You can find more toy safety tips at the American Academy of Pediatrics.

Fidget Spinners: Harmless or Hazard

August 7th, 2017

So, these toys called fidget spinners are the latest craze. Everybody who can get one has one (except me). I’ve never played with one – never actually seen one – but I have seen articles and advertisements for them all over the place. From what I’ve read, once you start playing with a spinner, you can’t stop. Photo courtesy of

Fidget spinners get you hooked because they’re mesmerizing. They have three prongs, or arms with weights, or bearings, that are attached to a central core. The arms rotate when you hold onto the center. As I understand it, when you twirl the toy, the arms spin and become a blur. Some of the spinners also light up. Hypnotic.

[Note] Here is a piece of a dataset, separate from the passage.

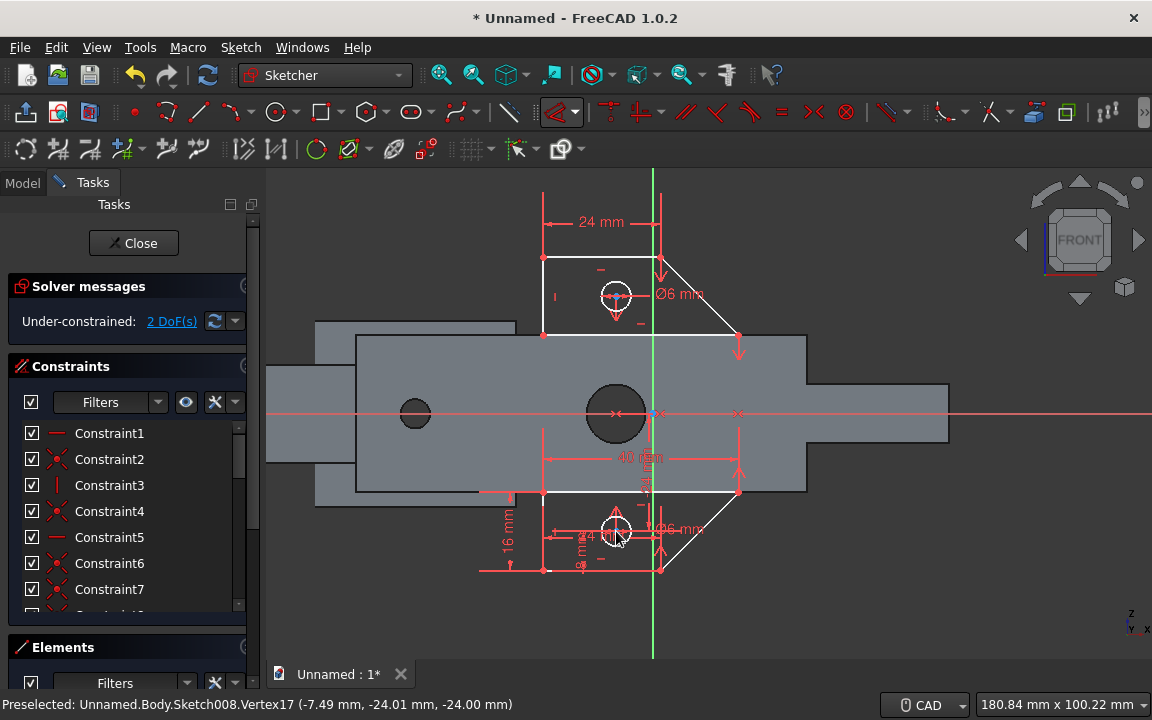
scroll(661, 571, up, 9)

These gadgets purport to have some health benefits. They claim to relieve stress and help people focus. However, the jury is out on the health and safety of fidget spinners. Recent articles have highlighted some of the drawbacks of these popular products.

For one, there’s no evidence to support the claims of health benefits. According to Scott Kollins, clinical psychologist and director of the ADHD program at Duke University, “There has been no research into the efficacy or safety of these toys to help manage symptoms of ADHD, anxiety or any other mental health conditions in children, adolescents or adults.”

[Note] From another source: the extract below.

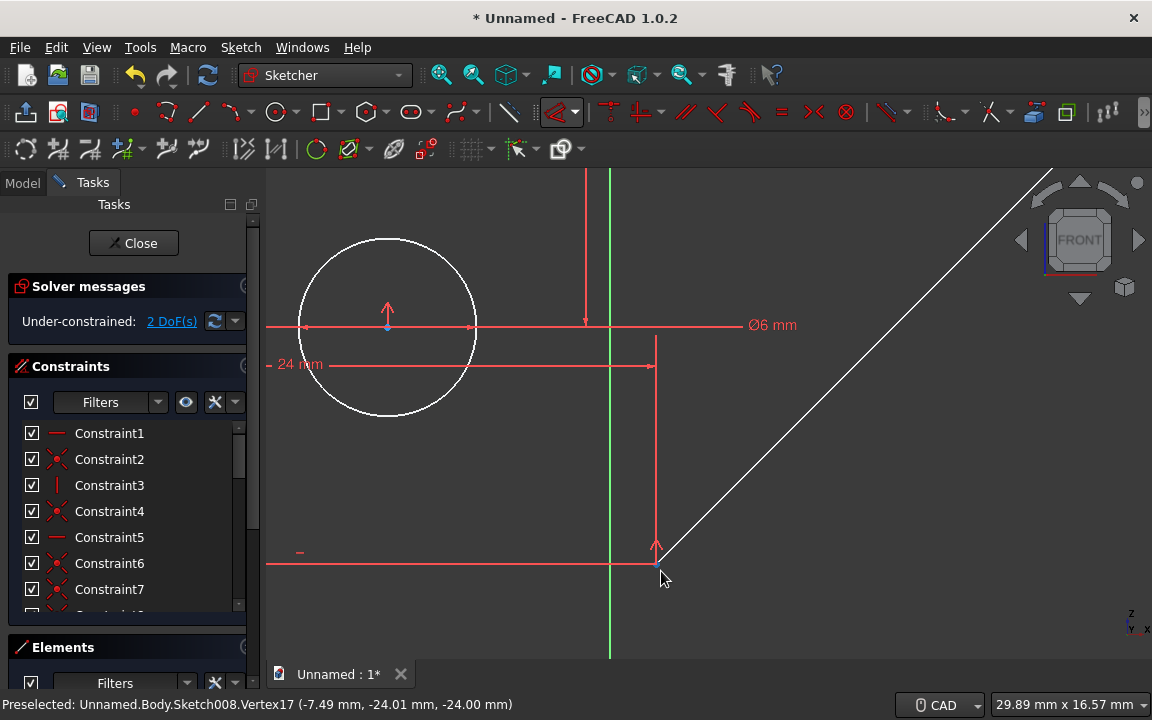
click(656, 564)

In fact, the opposite may be true. Some schools are even banning fidget spinners because they’re seen as a distraction. For example, a rule that disallowed students from bringing spinners to school was implemented at a number of facilities in the Dublin City School District outside Columbus, Ohio.

There are some physical health risks as well. Earlier this year in Texas and Oregon, there were incidents of children choking on small parts that broke off these gadgets. These cases prompted groups such as the Toy Association, the Good Housekeeping Institute and the Consumer Product Safety Commission (CPSC) to issue statements and recommendations on the safe use of these toys.

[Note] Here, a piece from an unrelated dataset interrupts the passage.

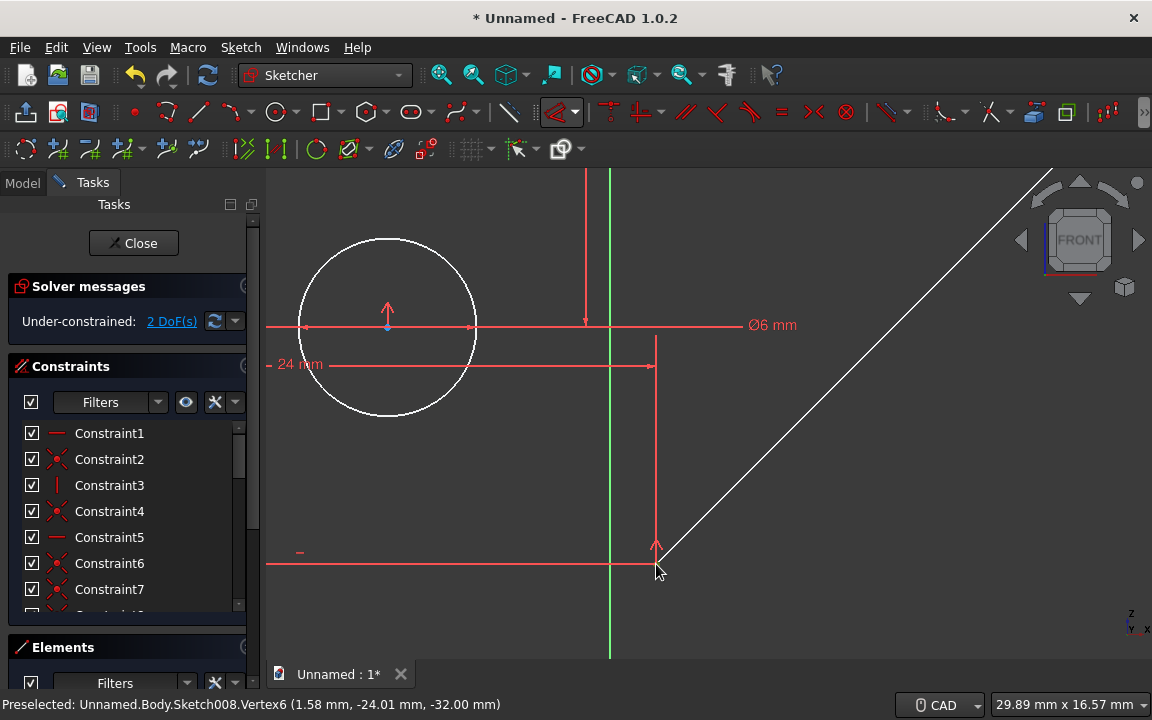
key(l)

Apparently, what’s causing the choking hazard are small parts of the toys, including the bearings, that can come off and be swallowed by young children. Also potentially dangerous are the small batteries that come in the light-up spinners. If the battery compartments are not appropriately closed off, the batteries can fall out, and children can swallow those as well.Photo courtesy of

The CPSC is investigating the incidents in Texas and Oregon. They also issued an advisory to parents telling them to “keep fidget spinners away from young children because they can choke on small parts.” They added that parents should warn their older children not to put the toys in their mouths.

The Good Housekeeping Institute tested the fidget spinners in their Consumer Electronics and Engineering lab. Their results concluded that both “branded and knock-off spinners broke into pieces that could be choking hazards for children under three.” They issued a list of precautions for parents with children using the toys. The precautions include:

  • Check for small parts.
  • Get rid of broken toys.
  • Read the labeling and be sure the toy is appropriate for your child’s age.
  • Supervise your child while using the toy. As they said, “Nothing takes the place of a parent keeping an eye on their child.”
  • Register the product so you can be warned of any recalls.
  • Notify the CPSC of any problems at

In addition to checking for broken parts and following age labels, the Toy Association has a few other safety tips on their list of recommendations. They suggest shopping at reputable retailers you know and trust. They will be selling products that have been tested and comply with the US Safety Standards.

The Toy Association made particular mention of the risk of swallowing the batteries that come with the light-up spinners. They suggest parents only give their children spinners that have battery compartments that are secured so that only a tool or coin can access them.

Fidget spinners aren’t necessarily dangerous, but like most thinks, they need to be used appropriately. Follow your common sense when it comes to whom you give these toys. Consider your children’s ages and if they’re still prone to putting things in their mouths. These toys can entertain for hours. Don’t spoil the fun!